今月の法話
平成23年8月
「やって見せる」と「やっている」
幼くして父親を亡くし、女手一つで苦労して育てられた学校の先生がこう話された。
「昔、食事の時、鼻紙を座に残して行く事を、私は時々母に注意された。それでも残して行けば、母は黙って始末をしてくれる。それでついずるい心で、母の始末を良い事に、私はよく鼻紙を残して立った。母は黙々として、いつもそれを片付けた」
このお母さんの行いが、知らず知らずの内に先生自身を感化していたことを、大人になり教師という立場で強く意識されたのである。
廊下に落ちている紙屑や糸屑を平気で見過ごす生徒達に度々注意しても、やはりいつも塵が廊下に落ちていた。先生は、それを黙々と拾われるのである。
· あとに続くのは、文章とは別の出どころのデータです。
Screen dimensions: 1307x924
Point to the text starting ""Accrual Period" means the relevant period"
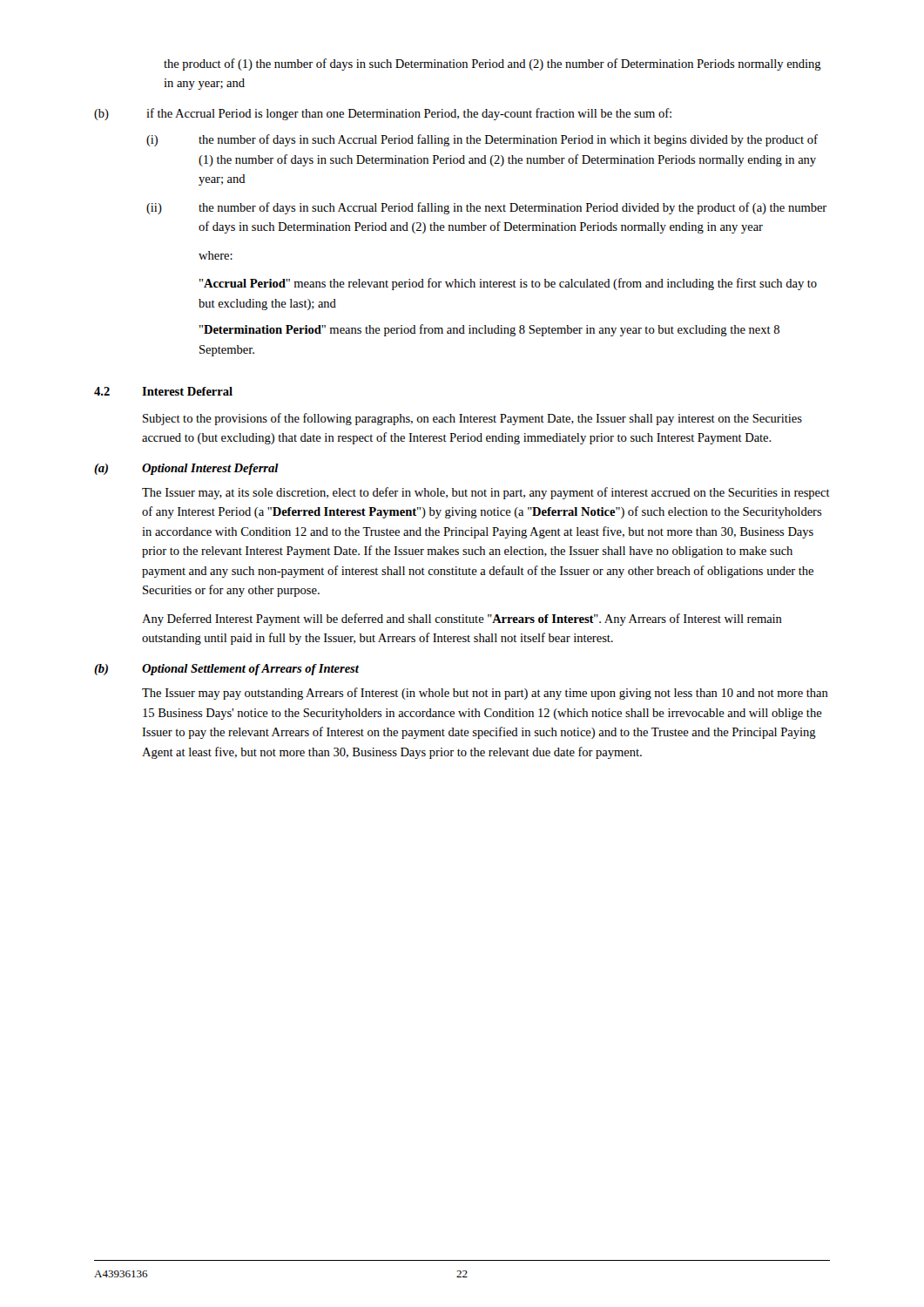pos(508,293)

ある時、先輩先生に「君が塵を拾っても、教育にならん。生徒に拾わせねば、教育にならんじゃないか」と言われても、先生は黙々と廊下の塵を拾われていくのである。
なぜか?―“言って聞かす”よりは、自分が黙って塵拾いを繰り返している方が、教育としてより深刻であることを、先生はお母さんによって知らされていたからである。
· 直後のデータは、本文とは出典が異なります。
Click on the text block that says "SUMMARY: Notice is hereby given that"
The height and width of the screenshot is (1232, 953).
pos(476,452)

「心ない生徒は、今日も塵を拾わない。先生に拾わせて平気である。しかし、もう少し年が行って、1人前の大人になった時、この教育が生きてくるのである。心なくも先生に塵を拾わせている生徒達も、家庭を持った時、必ず私の無言の行がよみがえる事を私は信じている」と。つまり、先生の教育は実行の教育である。言って聞かす教育ではなく、やっている教育である。”やって見せる”のではない。”やっている”のである。
お寺やお墓参りも、お参りしていること、またお念仏の心構えも、飾らぬ心でただ、阿弥陀様のお救いを信じ、一途に南無阿弥陀佛とお念仏申していることがより大切なのです。